Проводив Винченцо Маццу, Иньяцио идет в контору.
– Дядя, можно с тобой поговорить? – останавливает его племянник.
Иньяцио вздыхает, предчувствуя, о чем пойдет речь.
– Проходи. – Он опускается на стул, потирает виски. Он очень много работает. Винченцо, однако, этого не понять: в пятнадцать лет смотришь на мир через призму эгоизма и думаешь, что знаешь всё. Иньяцио указывает ему на стул. – Так что ты хотел мне сказать?
Винченцо плюхается на стул, как пустой мешок.
– Приходила донна Контичелло. Опять! – Он закрывает лицо руками. – Про ее подагру я знаю больше, чем ее доктор. Требует, чтобы ее обслуживали только я или ты, говорит, что хочет иметь дело с хозяевами, а не приказчиками.
– Что в этом плохого? – Иньяцио кусает губы. – Бедняжке нужно с кем-то поговорить, а ты ей симпатичен. Всегда говори «да», и она будет счастлива. И вообще, как ты сидишь? Выпрями спину, смотри на меня, руки на коленях. Сколько раз тебе повторять?
Винченцо подтягивается, но не убирает руки от лица, умоляюще смотрит на дядю.
– Но почему я должен стоять за прилавком? Терпеть не могу людей, которые жалуются, мне хочется сбросить их в море. Лучше я буду помогать тебе и синьору Реджо в конторе, ты же знаешь, я хорошо умею считать. Пожалуйста!
– Нет. Я тебе уже объяснял, почему. – Иньяцио пригвоздил его к стулу взглядом.

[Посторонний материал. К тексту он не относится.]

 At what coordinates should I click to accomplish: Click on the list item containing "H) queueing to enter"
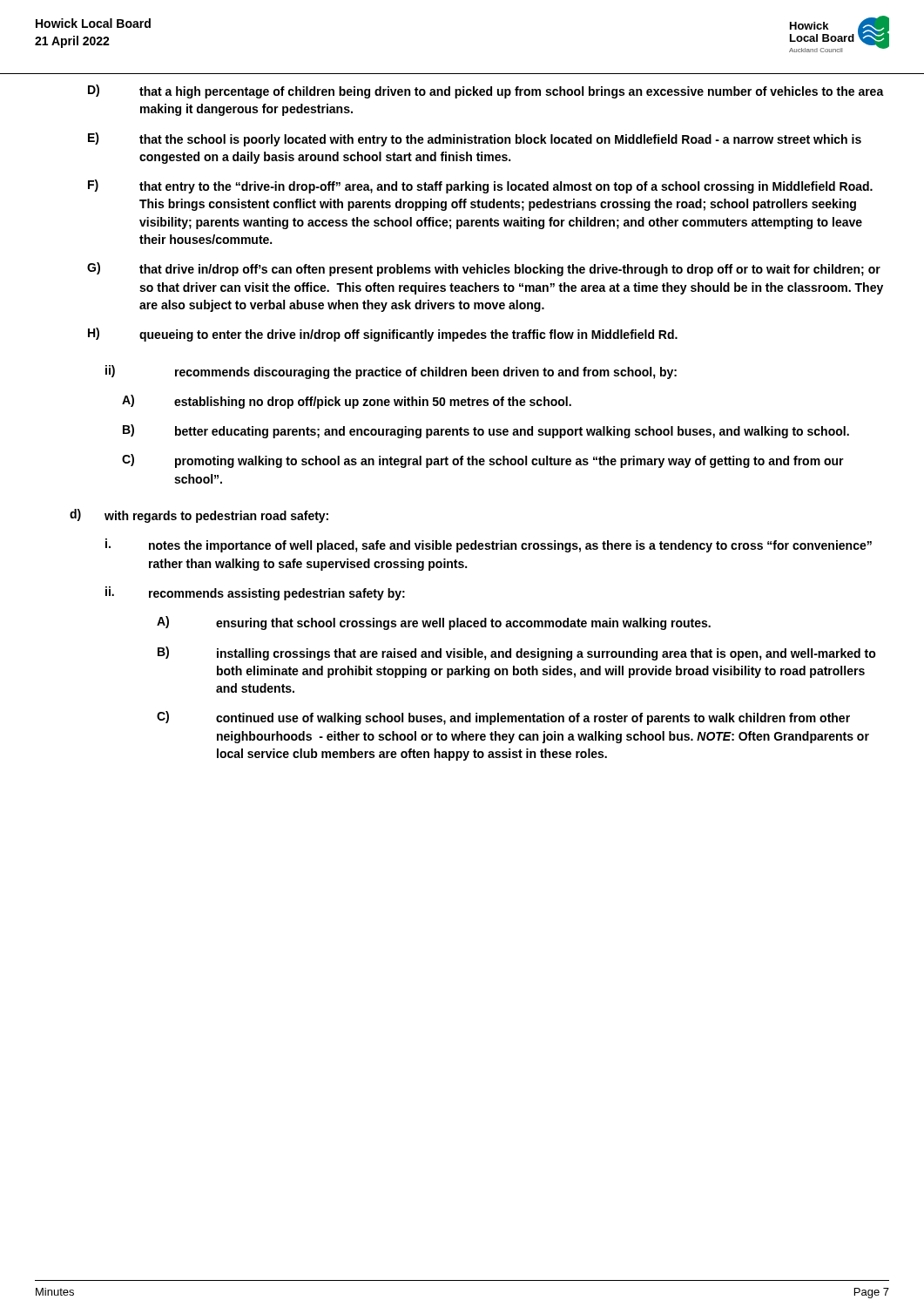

– Потому что таким образом я могу научиться понимать людей и угадывать, что им действительно нужно. Потому что я усвою науку, не буду бояться трудностей. Потому что я научусь уважать работу других, – Винченцо насмешиво перечисляет, загибая пальцы. – Я ничего не забыл?
– Да. – Иньяцио обводит глазами контору. – Все, что ты здесь видишь, мы с твоим отцом заработали, открыв небольшую лавку, похожую на кладовку. Я хочу, чтобы ты понимал, чтó это место значит для нас, для Флорио.
Винченцо опустил голову, шумно сопит. Молчит.
– Возвращайся к работе, – велит ему Иньяцио.
Мальчик уходит. Лицо Иньяцио посветлело. Племянник, конечно, похож на Паоло, но в то же время он совсем другой. Всегда радостный, любит смеяться, смотрит на жизнь без страха.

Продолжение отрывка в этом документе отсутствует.